On Tuesday, June 22, 2010 11:06 AM, SIMON WESTRIP wrote:
>CIF may currently be handled with multiple encodings, but as its restricted to ASCII, the
>encoding issue hasn't really been relevent - most code pages include the ASCII code points?

It is a common feature of many encodings to be congruent with 7-bit ASCII over its range, but that is not universal.  UTF-16 and UTF-32, for example, are not congruent with ASCII anywhere.  Neither is EBCDIC.  Shift-JIS is mostly congruent with ASCII, but varies at two code points.

>If CIF2 is also to allow multiple encodings, it is quite possible that a basic text editor will not render the content
>appropriately for anything outside the ASCII range if it is unable to determine the encoding (it may not even attempt to
>determine the encoding - my linux text editors aren't very good at autodetection - I don't know about windows notepad,
>but last time I looked it couldn't even interpret linux line endings appropriately).

Indeed.  I believe some basic text editors will assume that any file presented to them uses the host's default encoding.  In many cases that is not UTF-8, so selecting UTF-8 as the only CIF encoding does not promote CIF interoperability with those particular programs.

>In the absence of a BOM, the only solution is to use an heuristic approach to determine the encoding?

Not necessarily.  If the data are delivered via web form or other HTTP-based method, for example, then the HTTP protocol provides support for specifying the encoding.  Similarly, if the file is delivered as part of a MIME multipart message, then the content type specified by its MIME headers can express the encoding.

>Such heuristics would also have to be applied in order to process the CIF (which I'd already decided I will have to do
>because of the likelihood of receiving non-UTF8 CIF2's)

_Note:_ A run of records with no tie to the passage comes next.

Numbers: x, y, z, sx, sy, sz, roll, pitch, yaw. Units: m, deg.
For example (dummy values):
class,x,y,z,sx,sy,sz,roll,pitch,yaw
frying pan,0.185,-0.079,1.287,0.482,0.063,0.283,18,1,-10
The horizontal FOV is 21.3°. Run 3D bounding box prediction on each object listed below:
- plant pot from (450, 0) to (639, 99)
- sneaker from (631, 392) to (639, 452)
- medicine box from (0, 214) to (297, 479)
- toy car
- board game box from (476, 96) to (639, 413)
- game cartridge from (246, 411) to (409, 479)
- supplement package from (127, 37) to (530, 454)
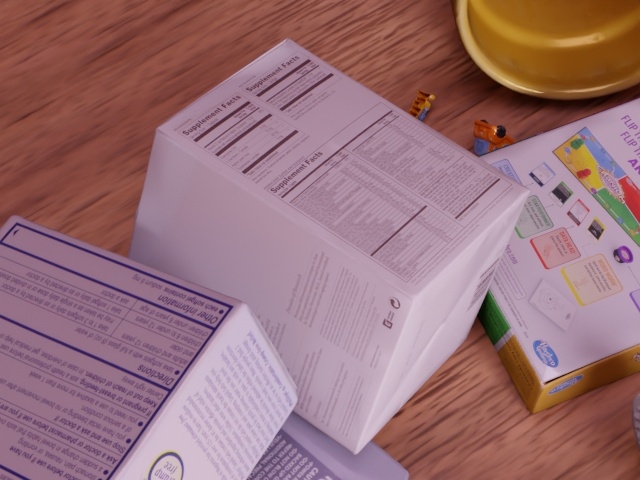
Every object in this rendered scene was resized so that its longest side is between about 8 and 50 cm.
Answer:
class,x,y,z,sx,sy,sz,roll,pitch,yaw
plant pot,0.243,-0.307,1.673,0.254,0.254,0.239,-2,44,-4
sneaker,0.386,0.248,1.418,0.127,0.126,0.321,-26,74,-12
medicine box,-0.212,0.159,1.377,0.263,0.149,0.289,19,63,33
toy car,0.142,-0.103,1.666,0.122,0.060,0.041,27,86,38
board game box,0.286,-0.004,1.589,0.316,0.064,0.242,-20,63,-13
game cartridge,-0.071,0.259,1.433,0.196,0.060,0.294,38,66,21
supplement package,0.000,0.000,1.469,0.262,0.199,0.198,33,44,16
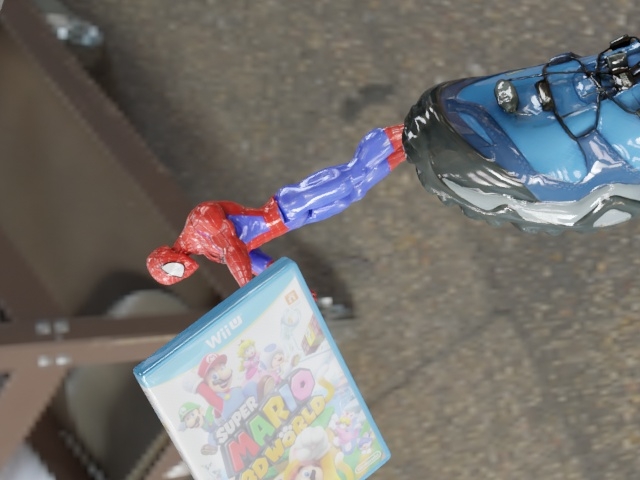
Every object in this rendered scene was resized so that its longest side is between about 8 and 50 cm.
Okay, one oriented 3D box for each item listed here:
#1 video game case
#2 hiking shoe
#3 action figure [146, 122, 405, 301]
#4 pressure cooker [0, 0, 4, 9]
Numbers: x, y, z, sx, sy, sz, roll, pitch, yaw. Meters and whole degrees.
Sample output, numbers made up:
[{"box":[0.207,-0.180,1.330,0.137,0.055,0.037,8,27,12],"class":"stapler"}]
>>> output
[{"box":[-0.032,0.108,1.195,0.015,0.119,0.166,28,150,53],"class":"video game case"},{"box":[0.192,-0.088,1.041,0.113,0.304,0.132,-109,19,-44],"class":"hiking shoe"},{"box":[0.000,0.000,1.599,0.280,0.091,0.139,-21,72,-7],"class":"action figure"},{"box":[-0.441,-0.361,1.702,0.370,0.375,0.420,20,138,4],"class":"pressure cooker"}]
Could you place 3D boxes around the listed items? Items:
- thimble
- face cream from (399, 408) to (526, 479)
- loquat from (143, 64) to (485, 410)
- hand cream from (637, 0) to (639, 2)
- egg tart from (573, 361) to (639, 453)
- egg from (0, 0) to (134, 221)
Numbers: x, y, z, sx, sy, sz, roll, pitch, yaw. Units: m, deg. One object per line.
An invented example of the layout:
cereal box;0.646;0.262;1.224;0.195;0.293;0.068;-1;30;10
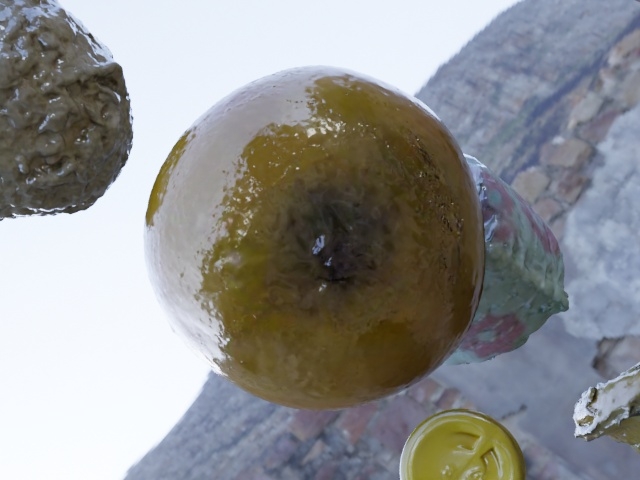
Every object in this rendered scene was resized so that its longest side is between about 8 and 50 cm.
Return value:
thimble;0.127;0.019;0.945;0.149;0.211;0.185;33;-105;-39
face cream;0.112;0.174;0.727;0.078;0.078;0.273;-55;-17;-6
loquat;0.000;0.000;0.749;0.263;0.263;0.263;-38;-35;-32
hand cream;0.251;-0.221;0.582;0.125;0.193;0.193;13;-70;-25
egg tart;0.349;0.117;0.812;0.290;0.115;0.290;-23;-16;-7
egg;-0.346;-0.149;1.019;0.279;0.311;0.279;11;-90;-88

Were I in your shoes, I would plan to transcode non-UTF-8 CIFs to UTF-8 upon receipt, as part of the verification process.  I would store only the UTF-8 version; thereafter, no worries.  One of the advantages of defining CIF2 as an encoding-independent text format would be that doing as I describe would preserve the original *CIF* data (i.e. the text) with 100% fidelity, even though it might not preserve the exact byte stream.

>So I still beleive that as a *standard* we should specify UTF8.
>However, that does not mean that we cannot be tolerant of other encodings?
>If a system exists that processes all its CIFs in a  different encoding, I see no reason for it to change -
>only when the CIF is to be made publically available should it be converted to UTF-8.
>Likewise, if such a system is capable of handling current CIFs, surely it will manage UTF-8 CIFs with
>little overhead? Afterall, CIF2 is going to be different from CIF1.

This nicely captures my point about the CIF data format vs. CIF storage and interchange.  UTF-8 can very easily be a standard for CIF interchange -- perhaps the only standard -- without conflating that with the CIF data format.